## What is needed
Every record below must be returned word for word, with the pictures left out.

[Given records — start]

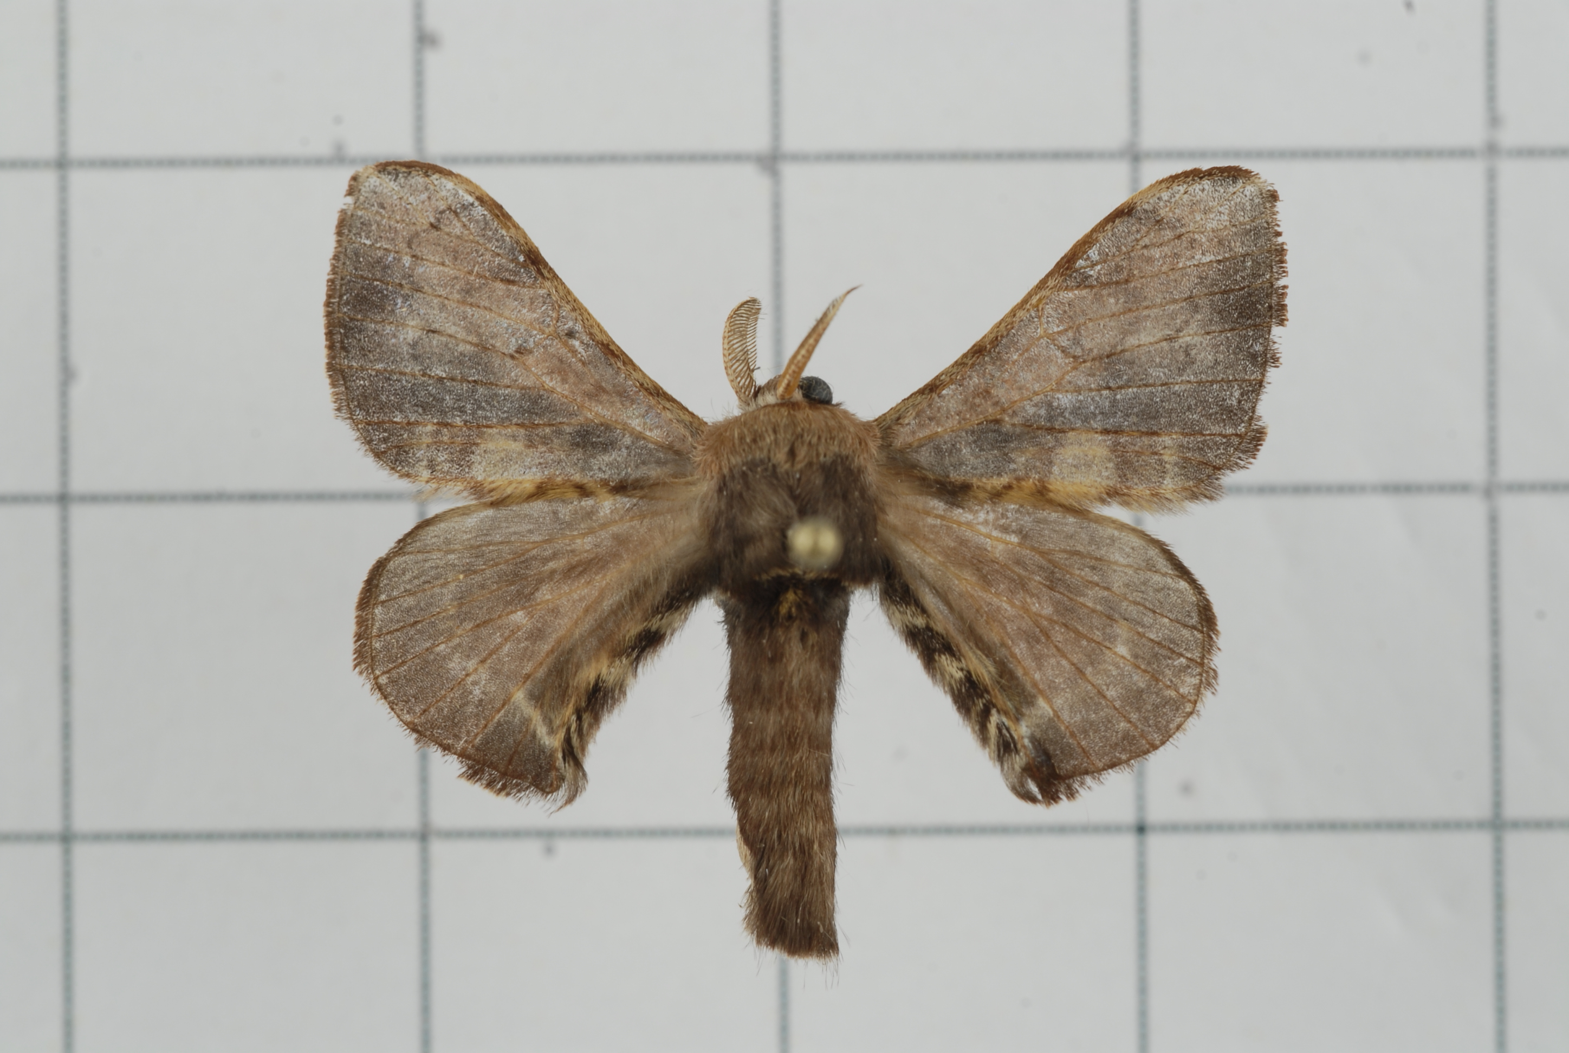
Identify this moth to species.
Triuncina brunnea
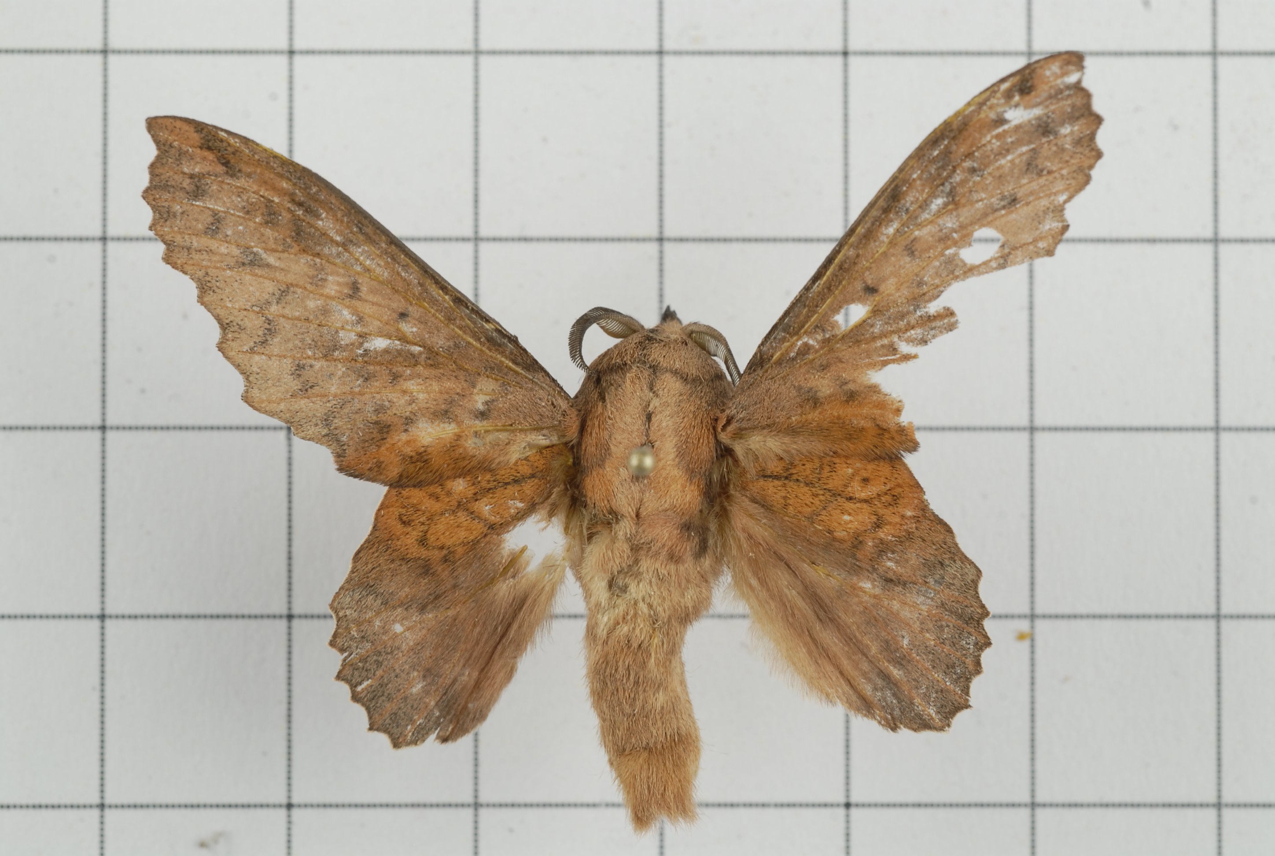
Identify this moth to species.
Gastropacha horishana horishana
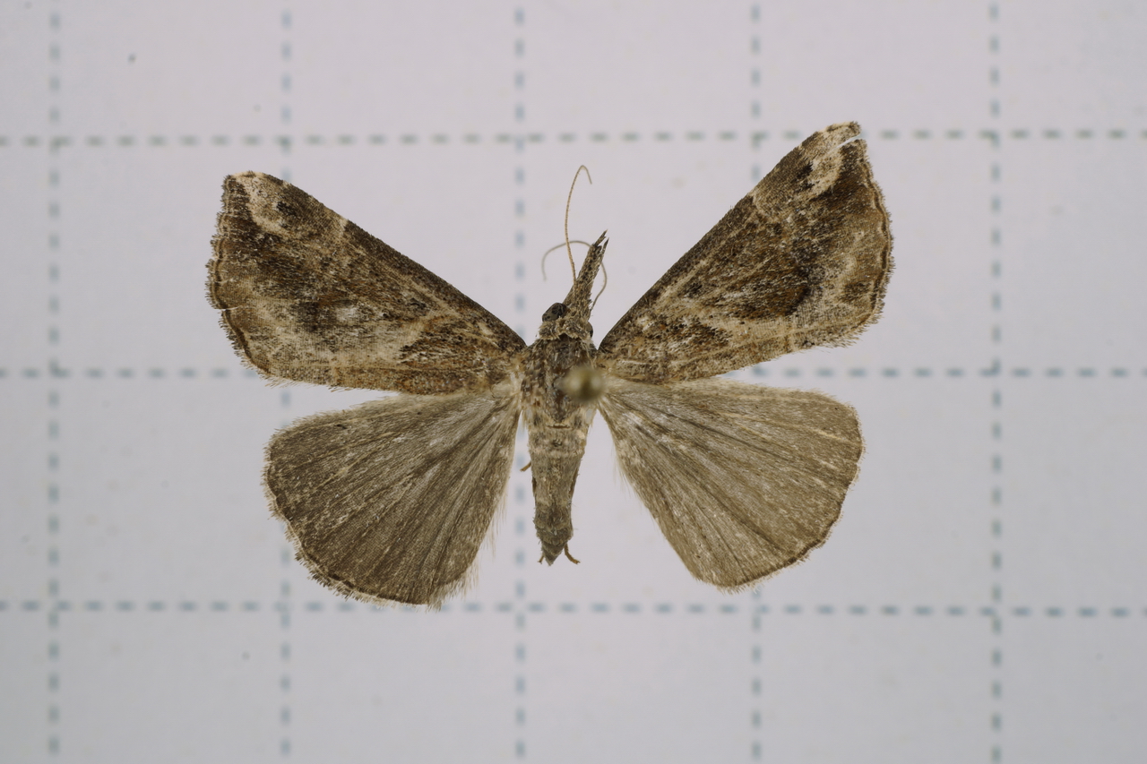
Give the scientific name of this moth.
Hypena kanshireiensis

[Given records — finish]

## Response to this task
Identify this moth to species.
Triuncina brunnea
Identify this moth to species.
Gastropacha horishana horishana
Give the scientific name of this moth.
Hypena kanshireiensis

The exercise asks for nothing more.